No Republic is Eternal
What the Fall of Rome’s Republic — Long Before the Empire — Can Still Teach Us
Comparing the decline of America to the fall of Rome has long been an intellectual sport, played by everyone from serious historians to “end-is-nigh” preachers.
But most of them focus on the Imperial era, when the Empire began to crack apart — barbarian invasions, emperors driven mad by power, the long slide into the so-called Dark Ages.
That’s not the story we’re living. Not yet.
We’re not Rome in the fourth or fifth century. We’re Rome in the first.
The real warning comes from the slow-motion collapse of the Roman Republic — a system of checks and balances undone from within, centuries before Augustus took the throne.
That’s why I’m urging you to read Mortal Republic: How Rome Fell Into Tyranny by historian Edward J. Watts. It’s not a dry academic text. It’s a mirror.

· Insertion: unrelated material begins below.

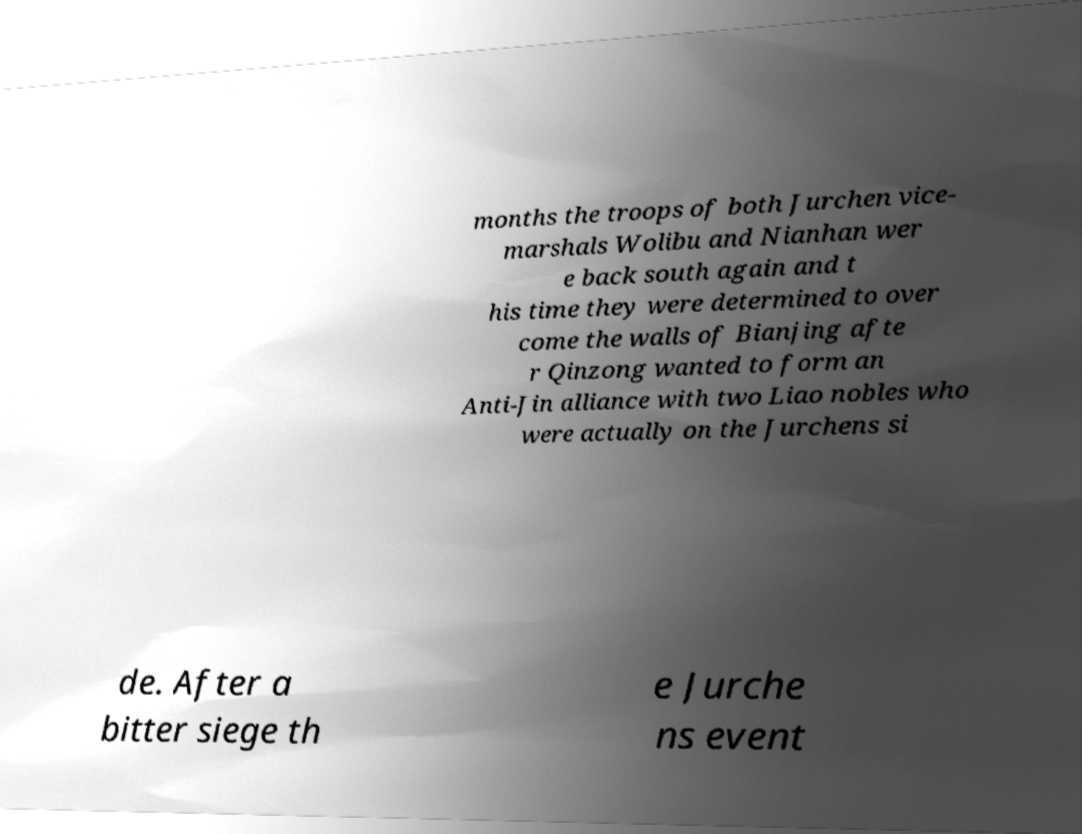Please read and relay the text visible in this image. What does it say? months the troops of both Jurchen vice- marshals Wolibu and Nianhan wer e back south again and t his time they were determined to over come the walls of Bianjing afte r Qinzong wanted to form an Anti-Jin alliance with two Liao nobles who were actually on the Jurchens si de. After a bitter siege th e Jurche ns event

Watts walks us through how the Roman Republic lasted nearly five centuries — longer than the United States has been around — before it was dismantled by the very people who claimed to protect it. He shows how political norms were eroded, how violence crept into civic life, and how citizens grew so tired of dysfunction that they willingly handed power to one man who promised order.
Watts writes:
“This book explains why Rome, still one of the longest-lived republics in world history, traded the liberty of political autonomy for the security of autocracy... The United States... inherited both the tremendous structural strengths that allowed the Roman Republic to thrive for so long and some of the same structural weaknesses that led eventually to its demise.”

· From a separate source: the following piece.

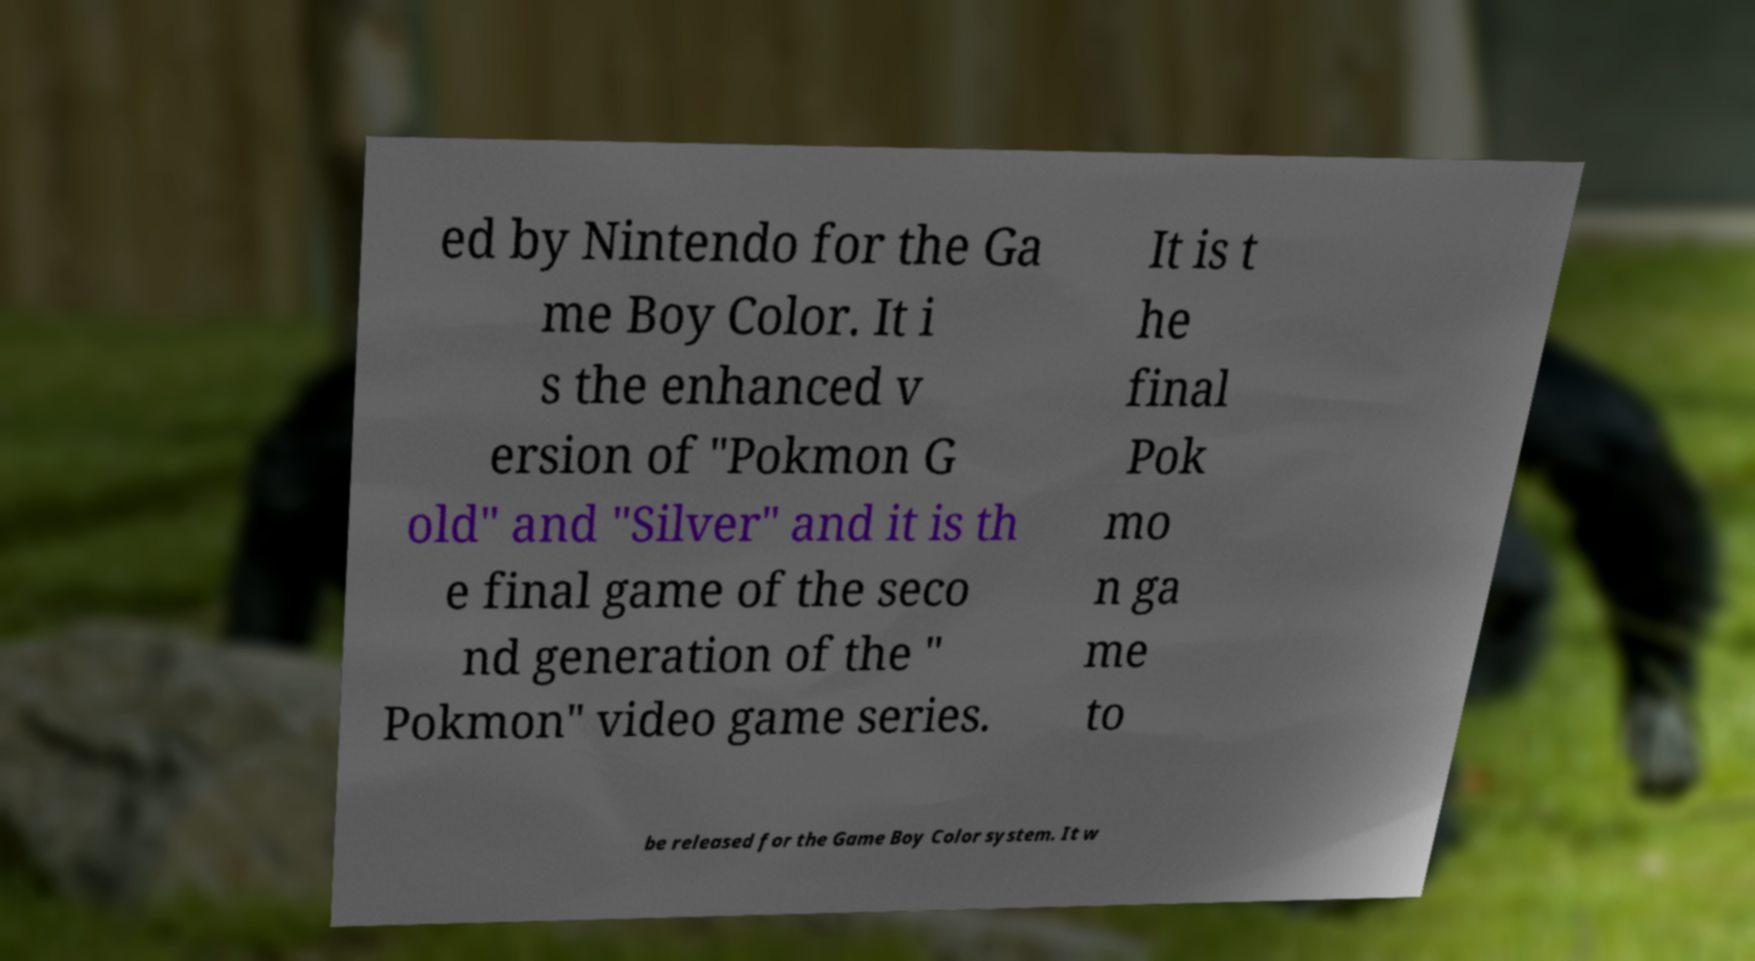For documentation purposes, I need the text within this image transcribed. Could you provide that? ed by Nintendo for the Ga me Boy Color. It i s the enhanced v ersion of "Pokmon G old" and "Silver" and it is th e final game of the seco nd generation of the " Pokmon" video game series. It is t he final Pok mo n ga me to be released for the Game Boy Color system. It w

In short: Rome didn’t fall because a strongman seized power. It fell because the people gave it to him.
The founders of the United States understood this. They modeled our system — deliberately — on what they believed the Roman Republic got right. Checks and balances. A representative body. Term limits. Rule of law.
But what if we also inherited the parts that broke it?
In the final years of the Republic, elections turned into bloodsport. Senators stopped cooperating. Compromise became a dirty word. Demagogues discovered they could rile up crowds with promises they had no intention of keeping. Elites retreated into wealth and cynicism. The middle hollowed out. And the Republic, worn down and bitter, turned to Julius and Augustus — not with fear, but with relief.
Watts reminds us that republics rarely die from conquest. They rot from within when their people stop believing in them.
“No republic is eternal. It lives only as long as its citizens want it.”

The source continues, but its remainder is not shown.